Prompt: Find the line below with "Could you please" and the line with "Answer in list". Output them and the lines between, exactly, but not the pictures.

[Data extracted from a collection]
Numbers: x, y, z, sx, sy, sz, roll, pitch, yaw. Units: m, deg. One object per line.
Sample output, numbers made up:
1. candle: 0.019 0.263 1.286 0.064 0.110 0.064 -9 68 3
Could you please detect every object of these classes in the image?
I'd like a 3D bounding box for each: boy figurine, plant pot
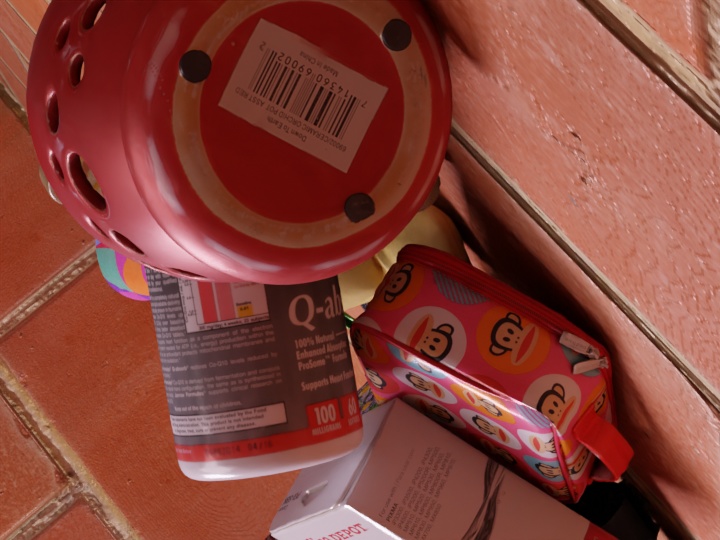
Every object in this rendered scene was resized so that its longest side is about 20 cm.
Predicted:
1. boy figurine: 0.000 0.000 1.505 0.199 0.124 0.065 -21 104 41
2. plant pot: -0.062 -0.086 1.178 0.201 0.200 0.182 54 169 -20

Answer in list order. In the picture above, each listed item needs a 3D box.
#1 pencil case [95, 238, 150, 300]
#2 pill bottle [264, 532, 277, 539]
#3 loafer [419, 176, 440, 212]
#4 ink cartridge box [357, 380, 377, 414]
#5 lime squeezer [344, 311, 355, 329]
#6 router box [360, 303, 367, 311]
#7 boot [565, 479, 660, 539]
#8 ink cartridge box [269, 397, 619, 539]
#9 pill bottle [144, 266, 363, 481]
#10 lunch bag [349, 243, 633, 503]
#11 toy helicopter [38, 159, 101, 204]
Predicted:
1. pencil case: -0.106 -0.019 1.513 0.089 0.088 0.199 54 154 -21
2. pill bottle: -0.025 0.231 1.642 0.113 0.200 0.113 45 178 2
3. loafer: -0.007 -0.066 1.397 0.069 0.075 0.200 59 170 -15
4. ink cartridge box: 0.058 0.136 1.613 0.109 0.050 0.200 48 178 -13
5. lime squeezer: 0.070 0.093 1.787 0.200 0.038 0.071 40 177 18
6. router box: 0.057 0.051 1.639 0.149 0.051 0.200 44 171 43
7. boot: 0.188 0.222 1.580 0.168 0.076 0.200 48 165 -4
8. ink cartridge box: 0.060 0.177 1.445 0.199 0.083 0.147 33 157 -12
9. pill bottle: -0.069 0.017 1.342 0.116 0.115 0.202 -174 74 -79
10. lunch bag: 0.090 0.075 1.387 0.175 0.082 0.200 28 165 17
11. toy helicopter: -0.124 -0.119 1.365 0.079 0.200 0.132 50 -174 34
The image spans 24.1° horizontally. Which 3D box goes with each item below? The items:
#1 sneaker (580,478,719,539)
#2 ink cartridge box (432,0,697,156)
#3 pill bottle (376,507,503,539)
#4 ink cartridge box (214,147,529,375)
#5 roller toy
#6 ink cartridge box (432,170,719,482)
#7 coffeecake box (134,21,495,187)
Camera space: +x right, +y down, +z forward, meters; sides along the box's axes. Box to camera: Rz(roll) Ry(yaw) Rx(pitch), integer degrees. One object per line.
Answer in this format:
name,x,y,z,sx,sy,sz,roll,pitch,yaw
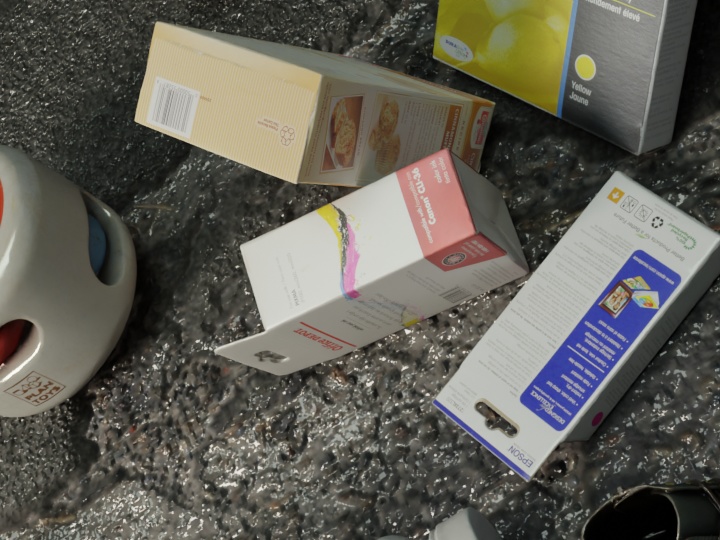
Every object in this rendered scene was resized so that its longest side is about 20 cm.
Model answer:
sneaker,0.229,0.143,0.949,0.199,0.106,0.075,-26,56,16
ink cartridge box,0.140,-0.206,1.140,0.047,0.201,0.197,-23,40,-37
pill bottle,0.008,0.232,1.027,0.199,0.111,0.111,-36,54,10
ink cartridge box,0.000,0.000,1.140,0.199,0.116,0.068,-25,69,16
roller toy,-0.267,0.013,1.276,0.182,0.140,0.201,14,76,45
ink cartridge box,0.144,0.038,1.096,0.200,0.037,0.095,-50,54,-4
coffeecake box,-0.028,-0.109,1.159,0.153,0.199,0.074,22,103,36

--

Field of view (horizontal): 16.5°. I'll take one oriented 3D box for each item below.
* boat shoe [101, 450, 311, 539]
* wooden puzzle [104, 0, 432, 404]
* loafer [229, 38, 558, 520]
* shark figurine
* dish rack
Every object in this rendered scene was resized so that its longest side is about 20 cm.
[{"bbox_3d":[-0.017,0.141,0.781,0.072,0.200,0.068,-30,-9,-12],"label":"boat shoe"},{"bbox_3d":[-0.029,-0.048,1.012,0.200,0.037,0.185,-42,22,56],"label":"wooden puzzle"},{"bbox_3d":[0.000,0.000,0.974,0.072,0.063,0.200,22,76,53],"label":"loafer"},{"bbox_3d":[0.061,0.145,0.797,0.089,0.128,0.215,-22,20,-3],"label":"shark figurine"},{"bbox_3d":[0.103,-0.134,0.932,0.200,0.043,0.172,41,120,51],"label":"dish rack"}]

Expected answer:
Could you please detect every object of these classes in the image?
I'd like a 3D bounding box for each: boy figurine, plant pot
Every object in this rendered scene was resized so that its longest side is about 20 cm.
Predicted:
1. boy figurine: 0.000 0.000 1.505 0.199 0.124 0.065 -21 104 41
2. plant pot: -0.062 -0.086 1.178 0.201 0.200 0.182 54 169 -20

Answer in list order. In the picture above, each listed item needs a 3D box.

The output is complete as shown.